Items from a data source:
[Start of Attachment]

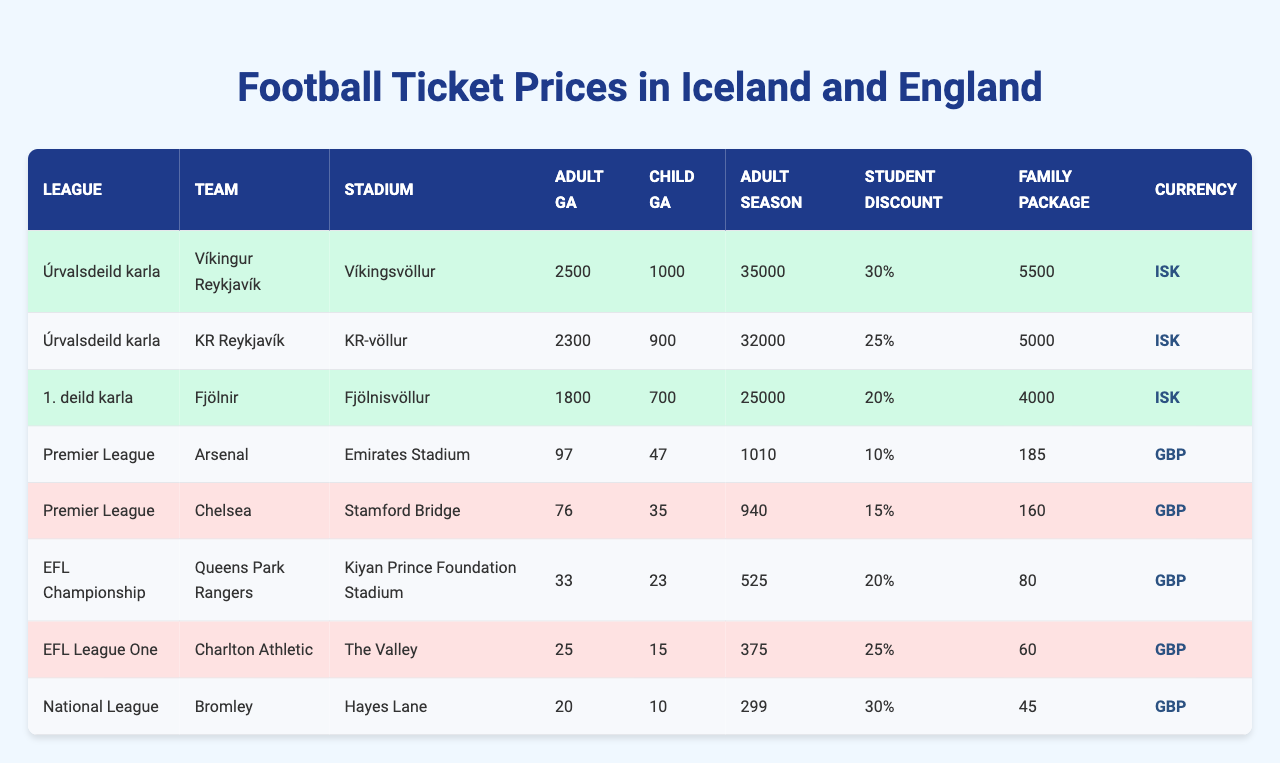What is the adult general admission price for KR Reykjavík? The table shows that the adult general admission price for KR Reykjavík is 2300 ISK.
Answer: 2300 ISK Which team has the highest adult season ticket price? By comparing the prices listed under adult season ticket, Arsenal has the highest price at 1010 GBP.
Answer: Arsenal Is the family package price cheaper for English teams than Icelandic teams? The family package prices for Icelandic teams (5500 ISK, 5000 ISK, 4000 ISK) convert to roughly 37 GBP, while the lowest English family package price is 45 GBP. Therefore, on average, Icelandic teams offer cheaper prices.
Answer: Yes What percentage discount do students get for tickets at Fjölnir? The student discount for Fjölnir is listed as 20%.
Answer: 20% What is the average adult general admission price for teams in the EFL Championship? The adult general admission prices for teams in the EFL Championship (Queens Park Rangers and Charlton Athletic) are 33 GBP and 25 GBP. The average is (33 + 25)/2 = 29 GBP.
Answer: 29 GBP What is the difference in price for adult general admission between Bumbley and Chelsea? The adult general admission price for Bromley is 20 GBP and for Chelsea is 76 GBP. The difference is 76 - 20 = 56 GBP.
Answer: 56 GBP Which league offers the lowest price for a family package? The prices for family packages are 5500 ISK, 5000 ISK, 4000 ISK for Icelandic teams and 185, 160, 80, 60, 45 for English teams. The lowest price is 45 GBP from Bromley.
Answer: 45 GBP How much more does it cost to buy an adult season ticket for KR Reykjavík compared to Bromley? The adult season ticket price for KR Reykjavík is 32000 ISK (about 215 GBP) while for Bromley it is 299 GBP. The cost difference is 299 - 215 = 84 GBP.
Answer: 84 GBP Do Arsenal and Chelsea have the same child general admission prices? Arsenal's child general admission price is 47 GBP while Chelsea's is 35 GBP, meaning they do not have the same price.
Answer: No Which Icelandic team has the lowest adult general admission price? By looking at the adult general admission prices for Icelandic teams (2500 ISK, 2300 ISK, 1800 ISK), Fjölnir has the lowest price at 1800 ISK.
Answer: Fjölnir 
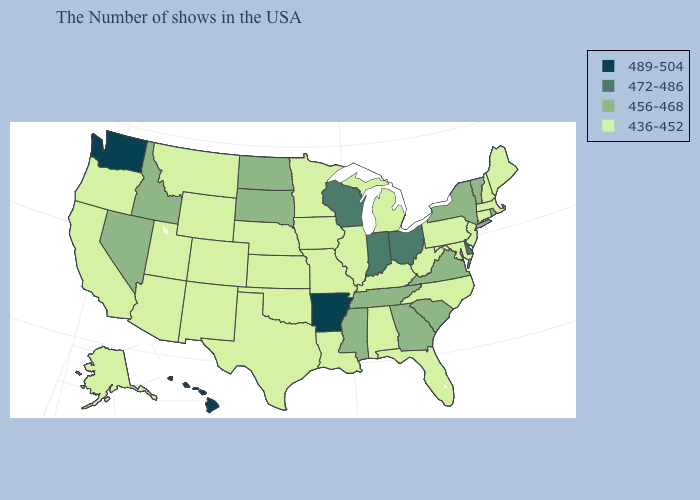Among the states that border New York , which have the highest value?
Give a very brief answer. Vermont. Among the states that border Nebraska , does South Dakota have the highest value?
Quick response, please. Yes. What is the highest value in the USA?
Be succinct. 489-504. What is the lowest value in the Northeast?
Be succinct. 436-452. What is the value of North Carolina?
Be succinct. 436-452. Is the legend a continuous bar?
Quick response, please. No. Does Oklahoma have the same value as Arkansas?
Short answer required. No. Does Oregon have the highest value in the USA?
Concise answer only. No. What is the value of New Jersey?
Keep it brief. 436-452. Name the states that have a value in the range 456-468?
Concise answer only. Rhode Island, Vermont, New York, Virginia, South Carolina, Georgia, Tennessee, Mississippi, South Dakota, North Dakota, Idaho, Nevada. Is the legend a continuous bar?
Short answer required. No. Name the states that have a value in the range 436-452?
Quick response, please. Maine, Massachusetts, New Hampshire, Connecticut, New Jersey, Maryland, Pennsylvania, North Carolina, West Virginia, Florida, Michigan, Kentucky, Alabama, Illinois, Louisiana, Missouri, Minnesota, Iowa, Kansas, Nebraska, Oklahoma, Texas, Wyoming, Colorado, New Mexico, Utah, Montana, Arizona, California, Oregon, Alaska. Name the states that have a value in the range 436-452?
Write a very short answer. Maine, Massachusetts, New Hampshire, Connecticut, New Jersey, Maryland, Pennsylvania, North Carolina, West Virginia, Florida, Michigan, Kentucky, Alabama, Illinois, Louisiana, Missouri, Minnesota, Iowa, Kansas, Nebraska, Oklahoma, Texas, Wyoming, Colorado, New Mexico, Utah, Montana, Arizona, California, Oregon, Alaska. What is the value of Missouri?
Write a very short answer. 436-452. Name the states that have a value in the range 456-468?
Write a very short answer. Rhode Island, Vermont, New York, Virginia, South Carolina, Georgia, Tennessee, Mississippi, South Dakota, North Dakota, Idaho, Nevada. 
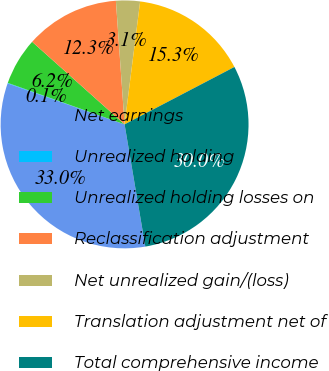Convert chart to OTSL. <chart><loc_0><loc_0><loc_500><loc_500><pie_chart><fcel>Net earnings<fcel>Unrealized holding<fcel>Unrealized holding losses on<fcel>Reclassification adjustment<fcel>Net unrealized gain/(loss)<fcel>Translation adjustment net of<fcel>Total comprehensive income<nl><fcel>33.04%<fcel>0.07%<fcel>6.17%<fcel>12.28%<fcel>3.12%<fcel>15.33%<fcel>29.99%<nl></chart> 
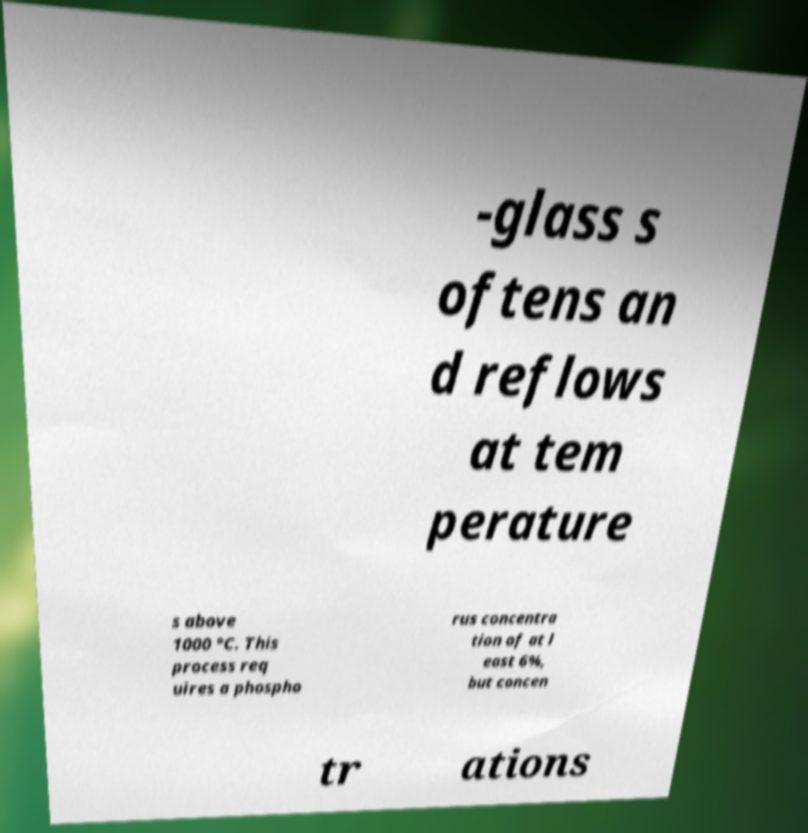Please identify and transcribe the text found in this image. -glass s oftens an d reflows at tem perature s above 1000 °C. This process req uires a phospho rus concentra tion of at l east 6%, but concen tr ations 
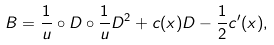Convert formula to latex. <formula><loc_0><loc_0><loc_500><loc_500>B = \frac { 1 } { u } \circ D \circ \frac { 1 } { u } D ^ { 2 } + c ( x ) D - \frac { 1 } { 2 } c ^ { \prime } ( x ) ,</formula> 
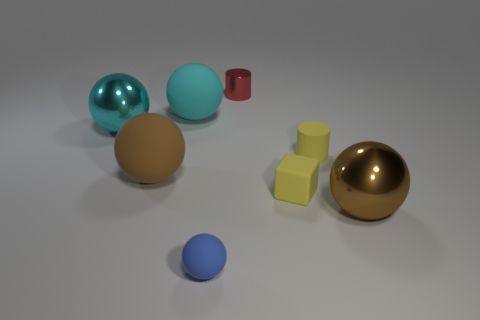There is a cylinder that is in front of the tiny red cylinder; what is it made of?
Your answer should be very brief. Rubber. What size is the rubber thing that is the same color as the small rubber cylinder?
Ensure brevity in your answer.  Small. Is there a brown shiny sphere of the same size as the yellow block?
Make the answer very short. No. There is a red object; is its shape the same as the large brown object that is on the left side of the small blue rubber thing?
Your answer should be very brief. No. There is a red shiny thing that is on the right side of the cyan metal sphere; is it the same size as the shiny ball that is right of the red cylinder?
Provide a succinct answer. No. How many other things are there of the same shape as the large brown matte object?
Your answer should be compact. 4. What material is the brown ball that is left of the small matte thing that is in front of the small rubber block?
Provide a short and direct response. Rubber. How many metal objects are either big cyan spheres or red things?
Make the answer very short. 2. There is a big brown object in front of the big brown rubber ball; is there a matte object behind it?
Your answer should be very brief. Yes. How many things are either large brown rubber balls that are on the left side of the tiny matte cylinder or big brown spheres on the left side of the rubber cube?
Provide a short and direct response. 1. 
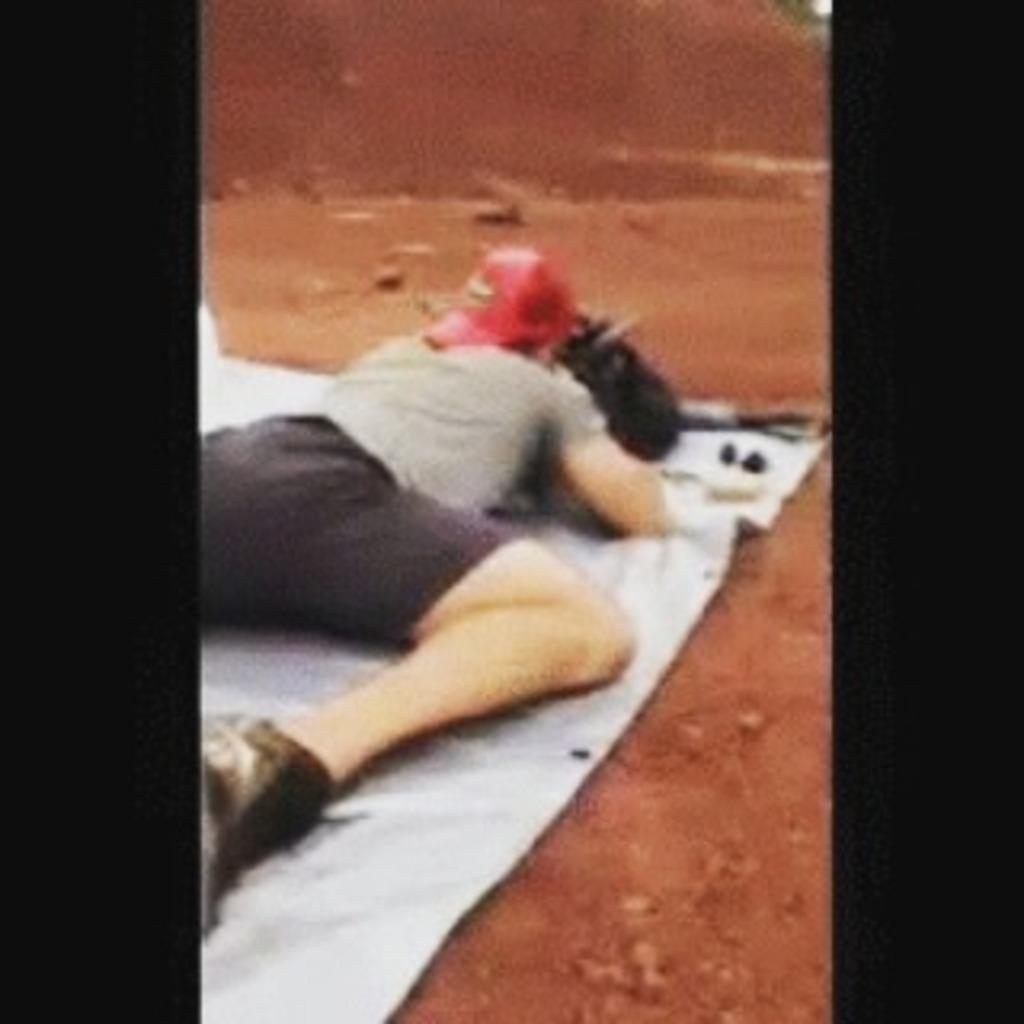What is the man doing in the image? The man is lying on a white cloth in the image. What is the man wearing on his head? The man is wearing a red object on his head. What else can be seen on the ground in the image? There are other objects visible on the ground in the image. How many babies are crawling around the man in the image? There are no babies present in the image; it only features a man lying on a white cloth with a red object on his head and other objects on the ground.

[End of Attachment]

◆ **EXERCISE GOAL**: If pictures are present, they are dropped, and the entries above are written out word for word.

◆ **ANSWER SECTION**:
What is the adult general admission price for KR Reykjavík? The table shows that the adult general admission price for KR Reykjavík is 2300 ISK.
Answer: 2300 ISK Which team has the highest adult season ticket price? By comparing the prices listed under adult season ticket, Arsenal has the highest price at 1010 GBP.
Answer: Arsenal Is the family package price cheaper for English teams than Icelandic teams? The family package prices for Icelandic teams (5500 ISK, 5000 ISK, 4000 ISK) convert to roughly 37 GBP, while the lowest English family package price is 45 GBP. Therefore, on average, Icelandic teams offer cheaper prices.
Answer: Yes What percentage discount do students get for tickets at Fjölnir? The student discount for Fjölnir is listed as 20%.
Answer: 20% What is the average adult general admission price for teams in the EFL Championship? The adult general admission prices for teams in the EFL Championship (Queens Park Rangers and Charlton Athletic) are 33 GBP and 25 GBP. The average is (33 + 25)/2 = 29 GBP.
Answer: 29 GBP What is the difference in price for adult general admission between Bumbley and Chelsea? The adult general admission price for Bromley is 20 GBP and for Chelsea is 76 GBP. The difference is 76 - 20 = 56 GBP.
Answer: 56 GBP Which league offers the lowest price for a family package? The prices for family packages are 5500 ISK, 5000 ISK, 4000 ISK for Icelandic teams and 185, 160, 80, 60, 45 for English teams. The lowest price is 45 GBP from Bromley.
Answer: 45 GBP How much more does it cost to buy an adult season ticket for KR Reykjavík compared to Bromley? The adult season ticket price for KR Reykjavík is 32000 ISK (about 215 GBP) while for Bromley it is 299 GBP. The cost difference is 299 - 215 = 84 GBP.
Answer: 84 GBP Do Arsenal and Chelsea have the same child general admission prices? Arsenal's child general admission price is 47 GBP while Chelsea's is 35 GBP, meaning they do not have the same price.
Answer: No Which Icelandic team has the lowest adult general admission price? By looking at the adult general admission prices for Icelandic teams (2500 ISK, 2300 ISK, 1800 ISK), Fjölnir has the lowest price at 1800 ISK.
Answer: Fjölnir 
Among the states that border New York , which have the highest value?
Give a very brief answer. Vermont. Among the states that border Nebraska , does South Dakota have the highest value?
Quick response, please. Yes. What is the highest value in the USA?
Be succinct. 489-504. What is the lowest value in the Northeast?
Be succinct. 436-452. What is the value of North Carolina?
Be succinct. 436-452. Is the legend a continuous bar?
Quick response, please. No. Does Oklahoma have the same value as Arkansas?
Short answer required. No. Does Oregon have the highest value in the USA?
Concise answer only. No. What is the value of New Jersey?
Keep it brief. 436-452. Name the states that have a value in the range 456-468?
Concise answer only. Rhode Island, Vermont, New York, Virginia, South Carolina, Georgia, Tennessee, Mississippi, South Dakota, North Dakota, Idaho, Nevada. Is the legend a continuous bar?
Short answer required. No. Name the states that have a value in the range 436-452?
Quick response, please. Maine, Massachusetts, New Hampshire, Connecticut, New Jersey, Maryland, Pennsylvania, North Carolina, West Virginia, Florida, Michigan, Kentucky, Alabama, Illinois, Louisiana, Missouri, Minnesota, Iowa, Kansas, Nebraska, Oklahoma, Texas, Wyoming, Colorado, New Mexico, Utah, Montana, Arizona, California, Oregon, Alaska. Name the states that have a value in the range 436-452?
Write a very short answer. Maine, Massachusetts, New Hampshire, Connecticut, New Jersey, Maryland, Pennsylvania, North Carolina, West Virginia, Florida, Michigan, Kentucky, Alabama, Illinois, Louisiana, Missouri, Minnesota, Iowa, Kansas, Nebraska, Oklahoma, Texas, Wyoming, Colorado, New Mexico, Utah, Montana, Arizona, California, Oregon, Alaska. What is the value of Missouri?
Write a very short answer. 436-452. Name the states that have a value in the range 456-468?
Write a very short answer. Rhode Island, Vermont, New York, Virginia, South Carolina, Georgia, Tennessee, Mississippi, South Dakota, North Dakota, Idaho, Nevada. 
Convert chart to OTSL. <chart><loc_0><loc_0><loc_500><loc_500><pie_chart><fcel>Net earnings<fcel>Unrealized holding<fcel>Unrealized holding losses on<fcel>Reclassification adjustment<fcel>Net unrealized gain/(loss)<fcel>Translation adjustment net of<fcel>Total comprehensive income<nl><fcel>33.04%<fcel>0.07%<fcel>6.17%<fcel>12.28%<fcel>3.12%<fcel>15.33%<fcel>29.99%<nl></chart> 
Please identify and transcribe the text found in this image. -glass s oftens an d reflows at tem perature s above 1000 °C. This process req uires a phospho rus concentra tion of at l east 6%, but concen tr ations 
Convert formula to latex. <formula><loc_0><loc_0><loc_500><loc_500>B = \frac { 1 } { u } \circ D \circ \frac { 1 } { u } D ^ { 2 } + c ( x ) D - \frac { 1 } { 2 } c ^ { \prime } ( x ) ,</formula> 
There is a cylinder that is in front of the tiny red cylinder; what is it made of?
Your answer should be very brief. Rubber. What size is the rubber thing that is the same color as the small rubber cylinder?
Ensure brevity in your answer.  Small. Is there a brown shiny sphere of the same size as the yellow block?
Make the answer very short. No. There is a red object; is its shape the same as the large brown object that is on the left side of the small blue rubber thing?
Your answer should be very brief. No. There is a red shiny thing that is on the right side of the cyan metal sphere; is it the same size as the shiny ball that is right of the red cylinder?
Provide a succinct answer. No. How many other things are there of the same shape as the large brown matte object?
Your answer should be compact. 4. What material is the brown ball that is left of the small matte thing that is in front of the small rubber block?
Provide a short and direct response. Rubber. How many metal objects are either big cyan spheres or red things?
Make the answer very short. 2. There is a big brown object in front of the big brown rubber ball; is there a matte object behind it?
Your answer should be very brief. Yes. How many things are either large brown rubber balls that are on the left side of the tiny matte cylinder or big brown spheres on the left side of the rubber cube?
Provide a short and direct response. 1. 
What is the man doing in the image? The man is lying on a white cloth in the image. What is the man wearing on his head? The man is wearing a red object on his head. What else can be seen on the ground in the image? There are other objects visible on the ground in the image. How many babies are crawling around the man in the image? There are no babies present in the image; it only features a man lying on a white cloth with a red object on his head and other objects on the ground.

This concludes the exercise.